Input data —

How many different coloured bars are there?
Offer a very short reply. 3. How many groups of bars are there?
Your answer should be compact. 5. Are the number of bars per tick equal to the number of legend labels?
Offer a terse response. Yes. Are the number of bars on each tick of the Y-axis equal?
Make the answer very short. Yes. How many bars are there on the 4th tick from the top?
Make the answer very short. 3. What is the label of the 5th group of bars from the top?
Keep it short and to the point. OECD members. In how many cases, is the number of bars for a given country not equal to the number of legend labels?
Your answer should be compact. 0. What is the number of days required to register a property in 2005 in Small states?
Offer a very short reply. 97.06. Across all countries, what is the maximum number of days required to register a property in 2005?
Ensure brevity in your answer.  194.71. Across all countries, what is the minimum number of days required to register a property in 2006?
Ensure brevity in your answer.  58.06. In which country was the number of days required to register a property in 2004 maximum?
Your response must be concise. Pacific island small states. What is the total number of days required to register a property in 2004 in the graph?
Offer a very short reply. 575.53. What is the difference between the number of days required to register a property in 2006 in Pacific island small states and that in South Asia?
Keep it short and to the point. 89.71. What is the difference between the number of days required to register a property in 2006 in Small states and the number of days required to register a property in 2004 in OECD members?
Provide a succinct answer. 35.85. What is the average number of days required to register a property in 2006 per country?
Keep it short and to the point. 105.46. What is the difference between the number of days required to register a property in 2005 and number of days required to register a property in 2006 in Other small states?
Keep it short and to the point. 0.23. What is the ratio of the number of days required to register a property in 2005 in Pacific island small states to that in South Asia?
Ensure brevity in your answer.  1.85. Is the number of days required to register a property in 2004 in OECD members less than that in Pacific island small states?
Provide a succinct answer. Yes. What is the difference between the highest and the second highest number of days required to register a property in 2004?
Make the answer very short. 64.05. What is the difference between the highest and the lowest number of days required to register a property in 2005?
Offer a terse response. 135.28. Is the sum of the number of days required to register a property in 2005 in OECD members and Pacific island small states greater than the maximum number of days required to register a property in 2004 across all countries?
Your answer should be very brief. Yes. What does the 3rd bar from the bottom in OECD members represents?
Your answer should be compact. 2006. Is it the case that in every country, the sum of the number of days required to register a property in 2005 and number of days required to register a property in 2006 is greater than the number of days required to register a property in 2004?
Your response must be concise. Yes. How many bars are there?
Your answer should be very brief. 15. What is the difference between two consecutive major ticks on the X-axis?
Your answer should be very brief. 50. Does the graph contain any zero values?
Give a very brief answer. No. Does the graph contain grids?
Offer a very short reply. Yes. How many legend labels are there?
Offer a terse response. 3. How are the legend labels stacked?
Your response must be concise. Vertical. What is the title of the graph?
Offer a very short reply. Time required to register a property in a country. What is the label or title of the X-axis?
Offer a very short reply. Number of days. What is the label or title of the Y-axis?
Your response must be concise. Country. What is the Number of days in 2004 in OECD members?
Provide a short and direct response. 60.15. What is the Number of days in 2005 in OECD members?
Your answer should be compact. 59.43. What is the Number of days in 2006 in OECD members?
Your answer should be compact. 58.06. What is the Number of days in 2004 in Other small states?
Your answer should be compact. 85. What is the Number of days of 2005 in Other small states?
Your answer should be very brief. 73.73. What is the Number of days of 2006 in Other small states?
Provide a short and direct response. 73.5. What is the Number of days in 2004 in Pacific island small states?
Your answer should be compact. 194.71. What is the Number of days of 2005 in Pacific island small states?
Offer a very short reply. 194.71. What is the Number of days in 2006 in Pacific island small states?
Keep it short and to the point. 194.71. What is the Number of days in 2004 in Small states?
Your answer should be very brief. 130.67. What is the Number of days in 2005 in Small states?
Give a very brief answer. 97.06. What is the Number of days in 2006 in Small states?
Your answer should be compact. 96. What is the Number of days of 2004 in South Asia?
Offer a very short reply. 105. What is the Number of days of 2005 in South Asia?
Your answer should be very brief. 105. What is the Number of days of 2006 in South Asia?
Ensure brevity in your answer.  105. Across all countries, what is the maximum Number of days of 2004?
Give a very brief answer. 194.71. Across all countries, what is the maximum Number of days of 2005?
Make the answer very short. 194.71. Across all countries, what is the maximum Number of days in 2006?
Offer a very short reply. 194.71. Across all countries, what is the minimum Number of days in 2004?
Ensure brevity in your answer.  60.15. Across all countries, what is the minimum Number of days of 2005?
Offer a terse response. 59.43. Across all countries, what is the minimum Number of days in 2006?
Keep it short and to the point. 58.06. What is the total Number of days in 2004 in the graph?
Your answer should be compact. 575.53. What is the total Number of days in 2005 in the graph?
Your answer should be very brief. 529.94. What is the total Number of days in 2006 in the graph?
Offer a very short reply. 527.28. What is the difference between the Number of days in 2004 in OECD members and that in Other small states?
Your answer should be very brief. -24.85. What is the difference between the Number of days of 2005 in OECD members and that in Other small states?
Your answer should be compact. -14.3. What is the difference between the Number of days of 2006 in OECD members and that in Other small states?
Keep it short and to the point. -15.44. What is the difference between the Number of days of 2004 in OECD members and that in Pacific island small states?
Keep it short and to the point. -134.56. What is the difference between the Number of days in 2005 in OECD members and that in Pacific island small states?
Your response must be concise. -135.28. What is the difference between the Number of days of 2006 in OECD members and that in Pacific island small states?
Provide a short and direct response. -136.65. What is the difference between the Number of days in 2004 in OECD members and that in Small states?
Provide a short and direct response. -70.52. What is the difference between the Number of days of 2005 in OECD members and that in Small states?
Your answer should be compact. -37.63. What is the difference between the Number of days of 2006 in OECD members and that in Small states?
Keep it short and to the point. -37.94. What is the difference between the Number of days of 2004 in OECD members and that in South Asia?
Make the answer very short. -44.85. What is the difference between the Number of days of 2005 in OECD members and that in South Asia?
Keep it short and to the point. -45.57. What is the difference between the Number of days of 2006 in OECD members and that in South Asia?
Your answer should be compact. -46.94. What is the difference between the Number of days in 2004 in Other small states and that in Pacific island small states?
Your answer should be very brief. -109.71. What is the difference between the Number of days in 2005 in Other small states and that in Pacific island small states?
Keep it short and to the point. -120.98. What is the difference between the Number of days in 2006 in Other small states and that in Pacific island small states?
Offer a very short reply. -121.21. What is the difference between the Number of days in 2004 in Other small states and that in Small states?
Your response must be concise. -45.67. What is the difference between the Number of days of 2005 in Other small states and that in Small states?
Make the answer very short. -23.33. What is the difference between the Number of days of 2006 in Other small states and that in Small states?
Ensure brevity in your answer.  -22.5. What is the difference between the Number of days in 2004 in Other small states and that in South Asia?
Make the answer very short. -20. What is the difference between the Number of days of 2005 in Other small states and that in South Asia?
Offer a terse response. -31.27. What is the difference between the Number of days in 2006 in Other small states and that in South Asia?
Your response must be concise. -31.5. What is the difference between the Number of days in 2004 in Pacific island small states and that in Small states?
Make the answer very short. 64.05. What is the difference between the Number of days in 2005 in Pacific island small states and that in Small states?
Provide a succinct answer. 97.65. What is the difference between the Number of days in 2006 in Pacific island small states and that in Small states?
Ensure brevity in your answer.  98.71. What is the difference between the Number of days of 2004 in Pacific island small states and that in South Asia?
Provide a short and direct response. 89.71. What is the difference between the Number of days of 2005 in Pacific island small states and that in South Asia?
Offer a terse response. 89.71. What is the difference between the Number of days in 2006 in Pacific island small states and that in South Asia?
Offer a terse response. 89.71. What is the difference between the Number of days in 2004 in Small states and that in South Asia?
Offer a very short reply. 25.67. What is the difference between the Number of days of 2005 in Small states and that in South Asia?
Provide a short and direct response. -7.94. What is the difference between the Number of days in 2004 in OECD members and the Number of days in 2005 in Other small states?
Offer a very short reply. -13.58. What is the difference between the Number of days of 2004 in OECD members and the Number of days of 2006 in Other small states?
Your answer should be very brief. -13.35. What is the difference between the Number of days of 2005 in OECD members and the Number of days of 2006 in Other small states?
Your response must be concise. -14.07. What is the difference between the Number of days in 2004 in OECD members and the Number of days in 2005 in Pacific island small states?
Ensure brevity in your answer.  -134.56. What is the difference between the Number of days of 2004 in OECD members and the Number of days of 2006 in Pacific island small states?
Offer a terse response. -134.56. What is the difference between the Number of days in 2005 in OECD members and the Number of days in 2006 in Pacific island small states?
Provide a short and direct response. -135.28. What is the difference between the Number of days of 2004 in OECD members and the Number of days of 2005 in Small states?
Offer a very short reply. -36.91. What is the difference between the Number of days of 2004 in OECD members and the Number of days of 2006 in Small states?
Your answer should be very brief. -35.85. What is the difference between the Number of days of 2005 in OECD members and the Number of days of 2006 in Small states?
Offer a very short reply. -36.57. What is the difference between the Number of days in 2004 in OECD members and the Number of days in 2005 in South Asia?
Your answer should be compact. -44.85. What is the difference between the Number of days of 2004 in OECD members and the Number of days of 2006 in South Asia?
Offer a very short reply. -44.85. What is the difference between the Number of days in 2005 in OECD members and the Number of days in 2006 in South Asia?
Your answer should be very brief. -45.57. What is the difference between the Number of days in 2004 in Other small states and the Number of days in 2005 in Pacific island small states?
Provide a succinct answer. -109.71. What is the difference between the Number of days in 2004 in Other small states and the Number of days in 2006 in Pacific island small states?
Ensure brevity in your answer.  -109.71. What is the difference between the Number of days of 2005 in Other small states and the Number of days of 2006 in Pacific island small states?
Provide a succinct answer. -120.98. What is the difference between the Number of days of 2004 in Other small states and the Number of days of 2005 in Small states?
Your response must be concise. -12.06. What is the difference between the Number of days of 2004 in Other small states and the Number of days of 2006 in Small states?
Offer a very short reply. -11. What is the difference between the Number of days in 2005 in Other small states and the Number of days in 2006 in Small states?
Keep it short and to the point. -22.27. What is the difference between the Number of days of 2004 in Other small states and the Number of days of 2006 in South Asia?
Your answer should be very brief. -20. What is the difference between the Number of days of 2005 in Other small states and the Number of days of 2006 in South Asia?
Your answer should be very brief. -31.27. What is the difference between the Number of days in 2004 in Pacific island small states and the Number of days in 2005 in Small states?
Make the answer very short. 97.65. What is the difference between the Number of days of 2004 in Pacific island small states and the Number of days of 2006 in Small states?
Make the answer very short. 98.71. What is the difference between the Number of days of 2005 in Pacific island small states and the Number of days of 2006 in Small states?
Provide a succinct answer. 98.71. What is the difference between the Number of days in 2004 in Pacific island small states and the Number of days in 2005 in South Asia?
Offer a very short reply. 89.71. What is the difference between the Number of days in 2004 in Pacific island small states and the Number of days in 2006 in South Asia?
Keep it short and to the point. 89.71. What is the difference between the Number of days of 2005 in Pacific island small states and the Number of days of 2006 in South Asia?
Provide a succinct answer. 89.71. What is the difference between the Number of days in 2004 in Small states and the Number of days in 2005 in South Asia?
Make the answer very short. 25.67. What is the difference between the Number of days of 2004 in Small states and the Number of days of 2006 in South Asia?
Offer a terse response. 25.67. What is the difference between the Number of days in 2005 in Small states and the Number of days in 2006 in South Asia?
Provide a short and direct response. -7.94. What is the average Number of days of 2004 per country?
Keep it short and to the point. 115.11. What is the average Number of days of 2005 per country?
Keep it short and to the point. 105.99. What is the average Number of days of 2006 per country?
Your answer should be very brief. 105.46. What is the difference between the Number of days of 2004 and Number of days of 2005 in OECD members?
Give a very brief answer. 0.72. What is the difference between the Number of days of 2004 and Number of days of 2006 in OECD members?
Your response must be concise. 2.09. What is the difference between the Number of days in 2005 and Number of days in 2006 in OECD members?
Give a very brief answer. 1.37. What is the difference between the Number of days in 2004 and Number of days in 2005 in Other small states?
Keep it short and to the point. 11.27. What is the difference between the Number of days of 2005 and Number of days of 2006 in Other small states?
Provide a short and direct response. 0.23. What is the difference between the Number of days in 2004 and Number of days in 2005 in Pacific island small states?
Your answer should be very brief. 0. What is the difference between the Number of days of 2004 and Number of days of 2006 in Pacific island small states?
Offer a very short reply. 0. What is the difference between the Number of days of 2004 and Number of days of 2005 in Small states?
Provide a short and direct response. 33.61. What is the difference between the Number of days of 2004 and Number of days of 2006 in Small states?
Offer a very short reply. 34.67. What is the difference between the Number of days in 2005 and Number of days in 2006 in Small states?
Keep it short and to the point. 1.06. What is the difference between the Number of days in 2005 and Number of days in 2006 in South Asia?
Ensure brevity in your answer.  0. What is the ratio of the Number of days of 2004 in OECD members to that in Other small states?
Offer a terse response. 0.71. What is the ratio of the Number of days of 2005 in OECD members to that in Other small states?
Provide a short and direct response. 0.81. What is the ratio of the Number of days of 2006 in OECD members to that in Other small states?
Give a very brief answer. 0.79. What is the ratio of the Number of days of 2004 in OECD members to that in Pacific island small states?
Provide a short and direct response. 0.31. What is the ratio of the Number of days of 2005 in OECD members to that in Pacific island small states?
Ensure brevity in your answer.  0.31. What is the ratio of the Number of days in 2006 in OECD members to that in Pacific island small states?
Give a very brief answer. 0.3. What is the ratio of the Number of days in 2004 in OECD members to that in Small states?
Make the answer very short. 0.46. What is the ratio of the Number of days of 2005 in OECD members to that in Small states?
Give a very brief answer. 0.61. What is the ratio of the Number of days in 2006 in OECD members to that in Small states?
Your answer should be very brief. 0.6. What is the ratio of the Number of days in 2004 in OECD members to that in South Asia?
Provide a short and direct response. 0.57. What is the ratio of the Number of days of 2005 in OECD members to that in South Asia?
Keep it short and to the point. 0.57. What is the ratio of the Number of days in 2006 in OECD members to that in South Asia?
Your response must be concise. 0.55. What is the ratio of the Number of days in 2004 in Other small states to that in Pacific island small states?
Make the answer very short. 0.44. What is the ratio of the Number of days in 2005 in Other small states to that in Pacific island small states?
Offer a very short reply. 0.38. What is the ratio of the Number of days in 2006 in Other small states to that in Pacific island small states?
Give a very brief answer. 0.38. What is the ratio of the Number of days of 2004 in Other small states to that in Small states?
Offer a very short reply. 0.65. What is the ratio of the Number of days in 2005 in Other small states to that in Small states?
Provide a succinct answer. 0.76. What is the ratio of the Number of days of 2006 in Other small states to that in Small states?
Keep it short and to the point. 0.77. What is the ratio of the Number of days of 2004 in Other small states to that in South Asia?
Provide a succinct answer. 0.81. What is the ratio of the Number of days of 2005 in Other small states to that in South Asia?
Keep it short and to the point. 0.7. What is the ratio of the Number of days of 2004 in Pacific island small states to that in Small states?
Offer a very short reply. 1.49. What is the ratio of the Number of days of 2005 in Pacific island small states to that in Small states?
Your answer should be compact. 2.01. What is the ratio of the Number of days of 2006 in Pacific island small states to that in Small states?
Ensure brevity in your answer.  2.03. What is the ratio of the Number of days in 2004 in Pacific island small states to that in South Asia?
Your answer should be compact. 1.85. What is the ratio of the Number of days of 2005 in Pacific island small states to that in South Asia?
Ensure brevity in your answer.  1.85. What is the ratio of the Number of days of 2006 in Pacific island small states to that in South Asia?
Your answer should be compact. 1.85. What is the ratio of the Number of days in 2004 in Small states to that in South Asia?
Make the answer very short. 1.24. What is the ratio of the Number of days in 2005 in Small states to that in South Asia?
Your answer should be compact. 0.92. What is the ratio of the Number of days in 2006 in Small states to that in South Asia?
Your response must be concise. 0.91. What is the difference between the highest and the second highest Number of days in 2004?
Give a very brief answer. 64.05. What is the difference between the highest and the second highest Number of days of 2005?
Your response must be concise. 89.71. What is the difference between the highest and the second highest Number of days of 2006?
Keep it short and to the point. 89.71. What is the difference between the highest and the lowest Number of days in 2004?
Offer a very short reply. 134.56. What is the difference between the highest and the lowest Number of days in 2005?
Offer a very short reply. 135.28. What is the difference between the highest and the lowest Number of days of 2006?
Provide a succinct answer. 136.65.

Task details — Lines holding the string "average" are the answer; copy each one from the listing above.

Reply to the exercise —
Provide a succinct answer. 35.85. What is the average number of days required to register a property in 2006 per country?
Provide a short and direct response. -7.94. What is the average Number of days of 2004 per country?
Keep it short and to the point. 115.11. What is the average Number of days of 2005 per country?
Keep it short and to the point. 105.99. What is the average Number of days of 2006 per country?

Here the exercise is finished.